Peter Stone

Personal information
- Full name: Peter Lloyd Stone
- Date of birth: 30 September 1954
- Place of birth: Brisbane, Queensland, Australia
- Date of death: 21 August 2022 (aged 67)
- Position: Midfielder

Youth career
- Kotara South
- Adamstown Rosebud

Senior career*
- Years: Team / Apps / (Gls)
- Adamstown Rosebud
- 1971–1978: Western Suburbs
- 1979–1980: APIA Leichhardt
- 1981–1983: St. George

International career
- 1976–1983: Australia / 15 / (0)

= Peter Stone (soccer, born 1954) =

Australian soccer player (1954–2022)

Peter Lloyd Stone (30 September 1954 – 21 August 2022) was an Australian soccer player who played as a midfielder. He made 15 appearances for the Australia national team.

==Club career==
Born in Brisbane, Stone played his junior football for Kotara South and Adamstown Rosebud, also playing at senior level for the latter.

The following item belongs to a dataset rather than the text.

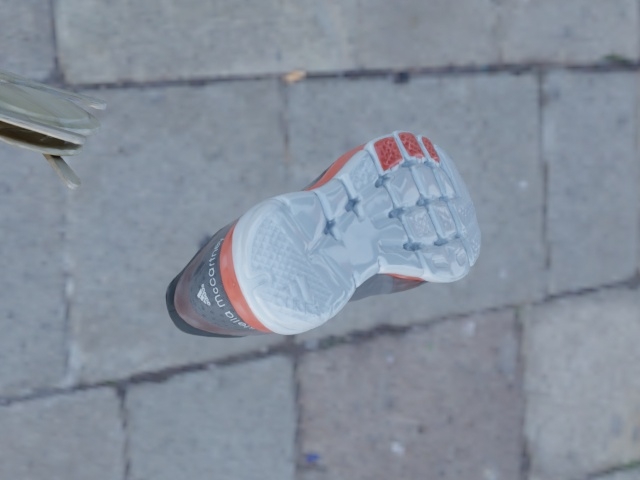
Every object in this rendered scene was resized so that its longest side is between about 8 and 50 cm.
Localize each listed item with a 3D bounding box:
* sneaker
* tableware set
[{"bbox_3d":[0.000,0.000,0.666,0.158,0.065,0.061,-15,86,-52],"label":"sneaker"},{"bbox_3d":[-0.232,-0.083,1.093,0.194,0.128,0.039,16,104,-4],"label":"tableware set"}]

He went on to play for Western Suburbs in the NSW Super League at state level (1973–1976) and the National Soccer League (1977).

In 1978, he moved to APIA Leichhardt, where he spent three NSL seasons.

Stone moved to St. George in 1980, where he played two seasons.

He retired in 1983, aged 29.

==International career==
Stone made his international debut for the Australia national team in 1976 against Hong Kong. He earned 15 caps.